## Exercise instructions
If an entry contains a picture, omit that picture and transcribe everything else exactly.

## Given records

---

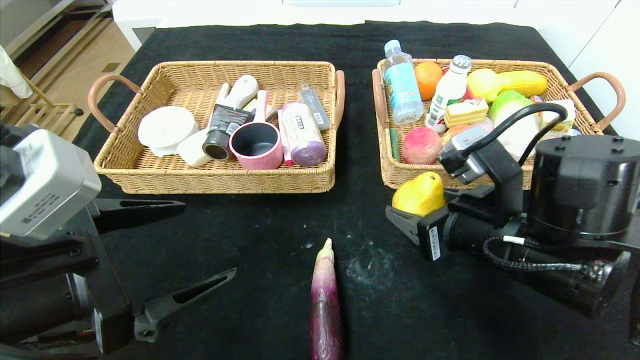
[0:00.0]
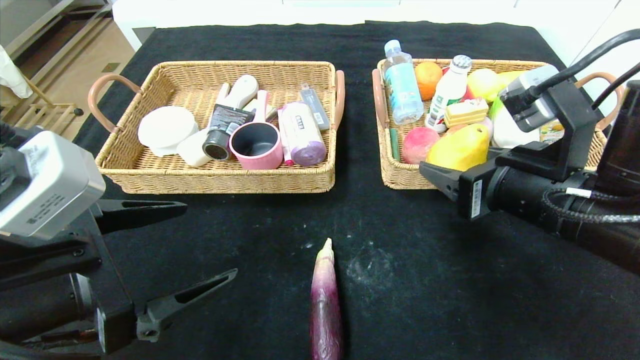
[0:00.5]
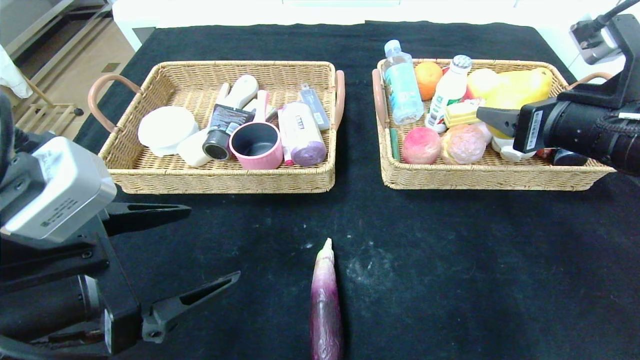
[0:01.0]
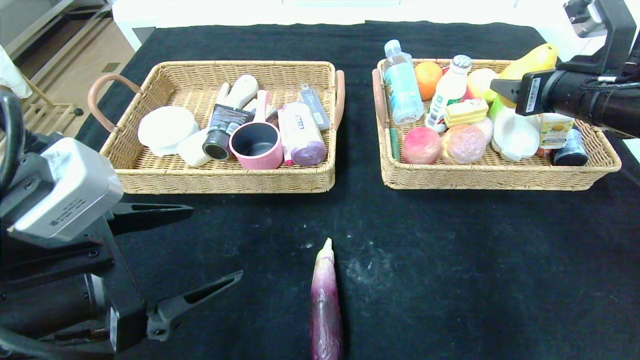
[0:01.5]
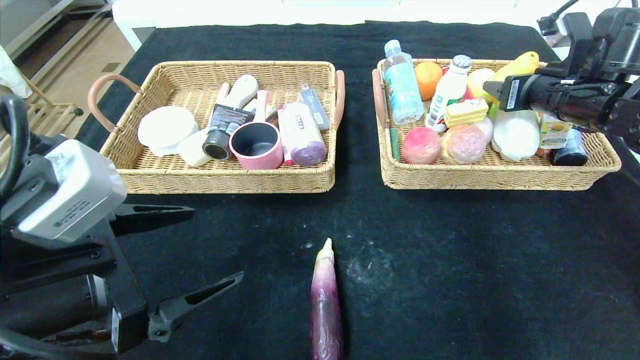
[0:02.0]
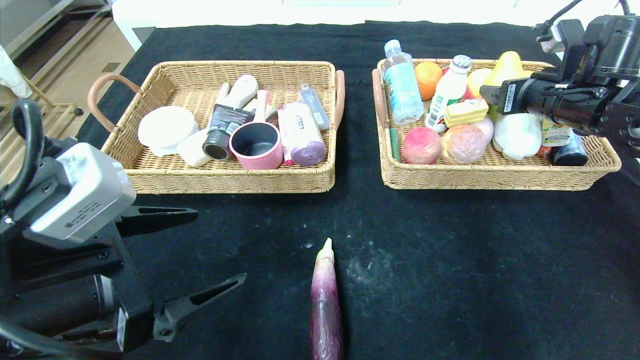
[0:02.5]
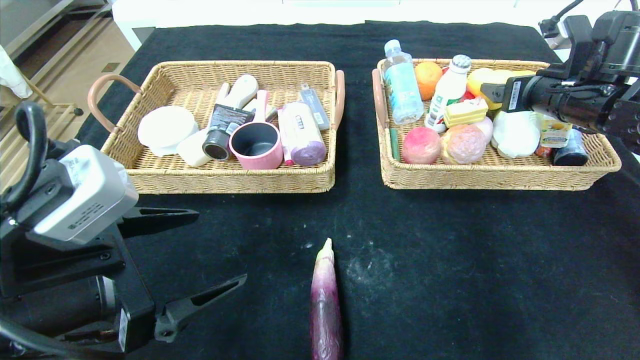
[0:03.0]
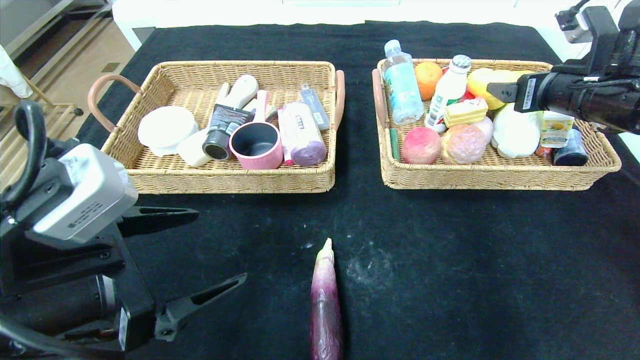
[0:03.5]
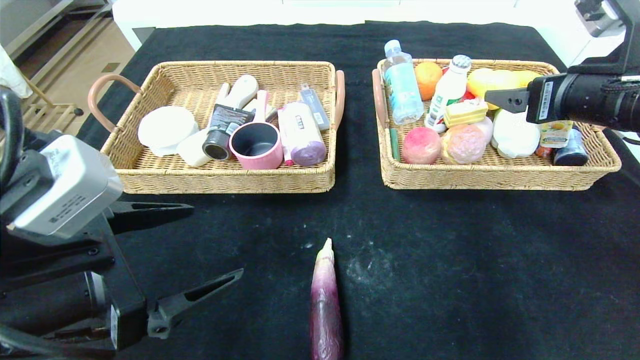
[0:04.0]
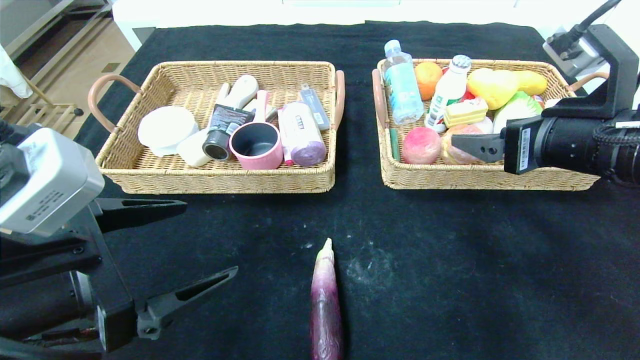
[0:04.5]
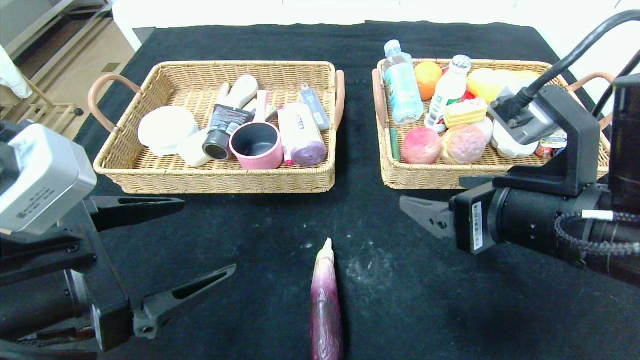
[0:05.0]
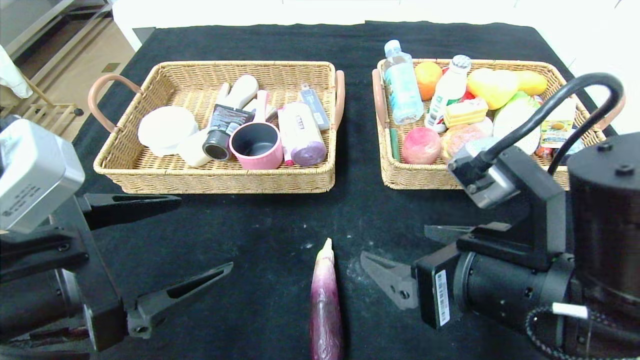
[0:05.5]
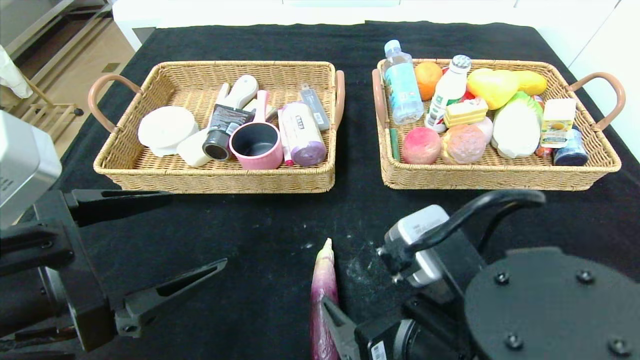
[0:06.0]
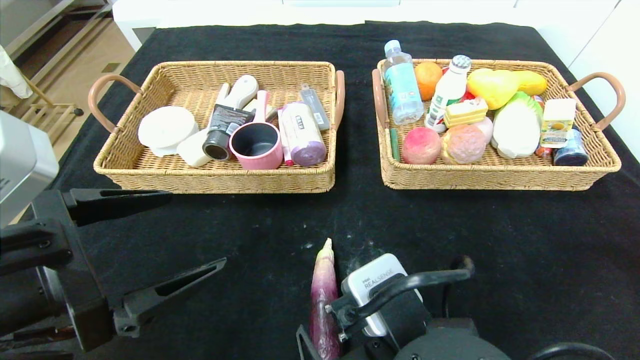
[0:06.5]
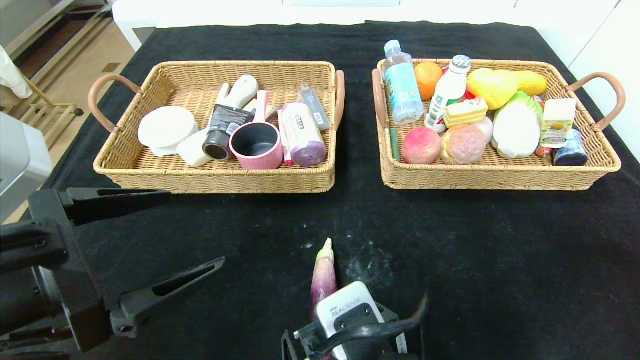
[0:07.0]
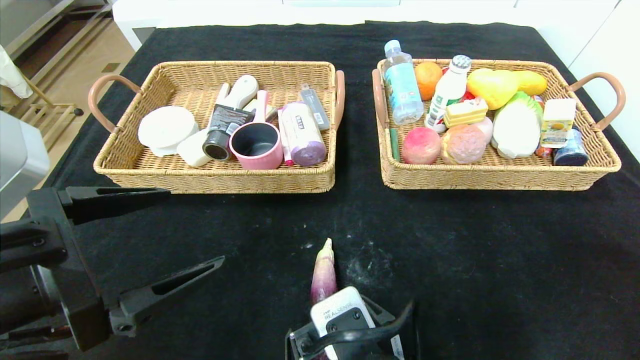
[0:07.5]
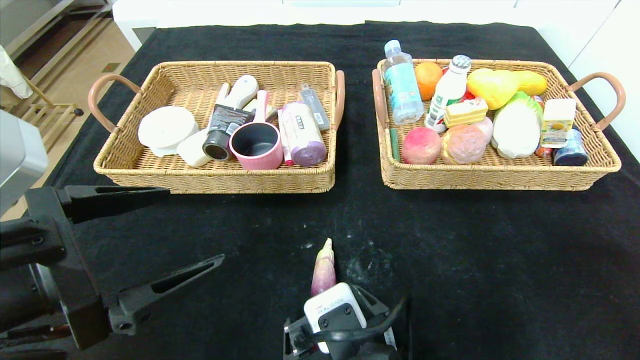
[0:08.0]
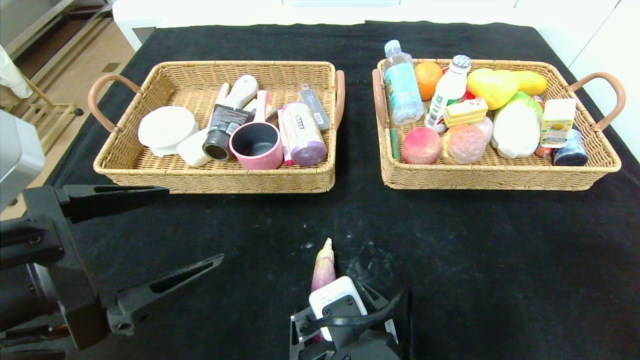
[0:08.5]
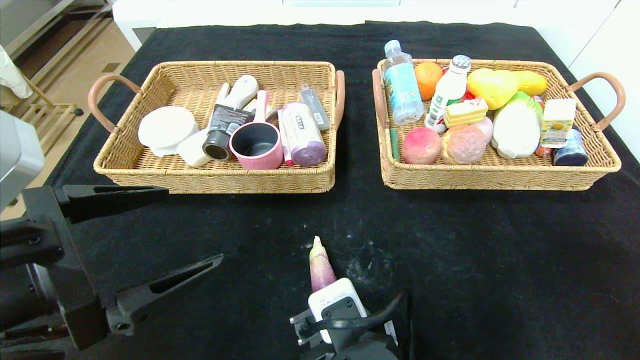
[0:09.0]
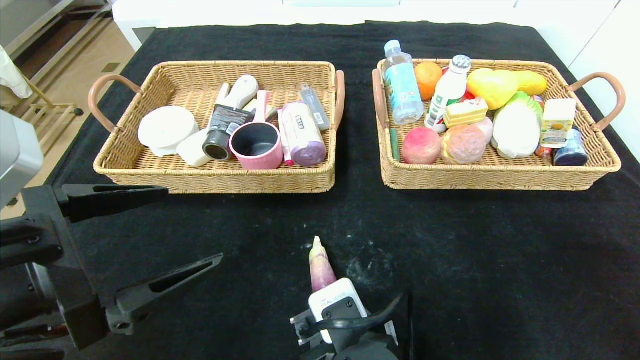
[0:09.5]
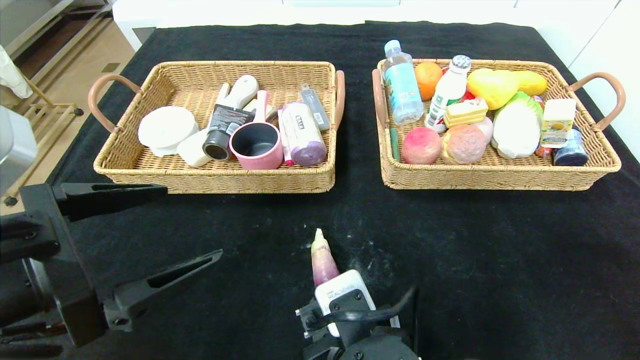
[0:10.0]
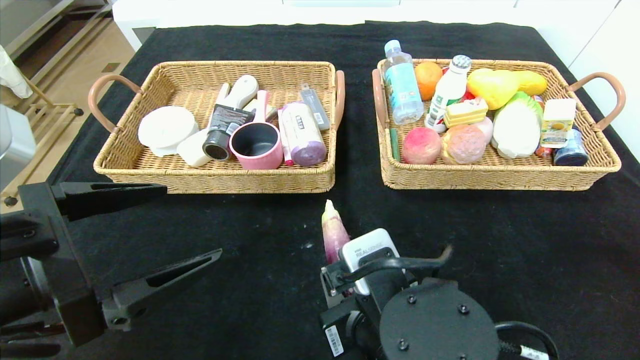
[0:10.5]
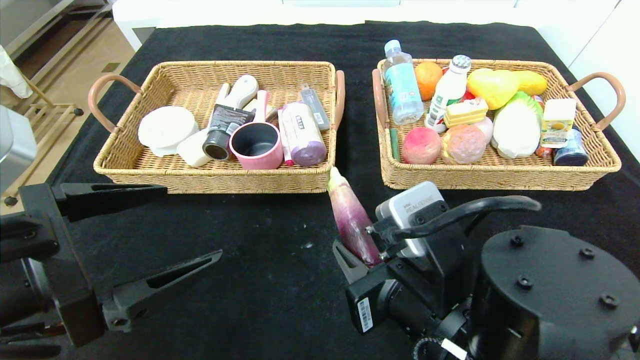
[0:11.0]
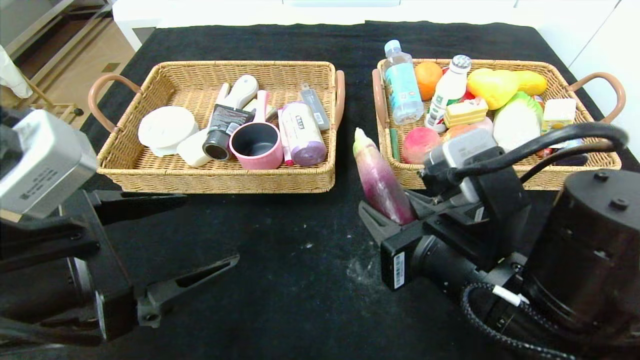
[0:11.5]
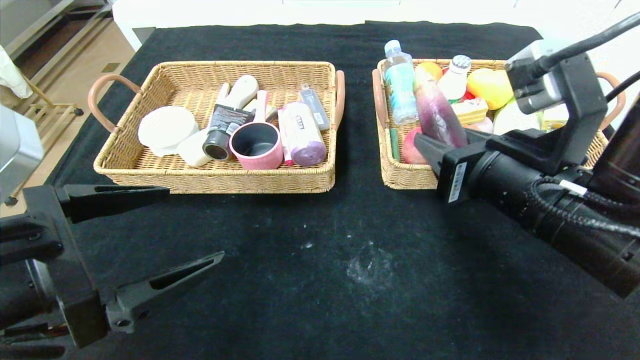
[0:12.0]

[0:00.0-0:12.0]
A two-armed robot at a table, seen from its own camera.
Step, 0:00.0 to 0:04.5: Pick up the pear and put it in the right basket.
0:00.0 to 0:02.0: The right gripper shifts approximately 25 cm forward, to the right and upward.
0:02.0 to 0:04.0: The right gripper is displaced backward by some 10 cm, and opens.
0:04.0 to 0:06.0: The right gripper travels to the left, backward and downward by about 30 cm.
0:06.0 to 0:08.0: The right gripper is displaced downward and to the left by about 10 cm.
0:08.0 to 0:10.0: The right gripper closes.
0:10.0 to 0:12.0: The right gripper is displaced upward, to the right and forward by approximately 20 cm.

---

## Task solution
[0:00.0]
[0:00.5]
[0:01.0]
[0:01.5]
[0:02.0]
[0:02.5]
[0:03.0]
[0:03.5]
[0:04.0]
[0:04.5]
[0:05.0]
[0:05.5]
[0:06.0]
[0:06.5]
[0:07.0]
[0:07.5]
[0:08.0]
[0:08.5]
[0:09.0]
[0:09.5]
[0:10.0]
[0:10.5]
[0:11.0]
[0:11.5]
[0:12.0]

[0:00.0-0:12.0]
A two-armed robot at a table, seen from its own camera.
Step, 0:00.0 to 0:04.5: Pick up the pear and put it in the right basket.
0:00.0 to 0:02.0: The right gripper shifts approximately 25 cm forward, to the right and upward.
0:02.0 to 0:04.0: The right gripper is displaced backward by some 10 cm, and opens.
0:04.0 to 0:06.0: The right gripper travels to the left, backward and downward by about 30 cm.
0:06.0 to 0:08.0: The right gripper is displaced downward and to the left by about 10 cm.
0:08.0 to 0:10.0: The right gripper closes.
0:10.0 to 0:12.0: The right gripper is displaced upward, to the right and forward by approximately 20 cm.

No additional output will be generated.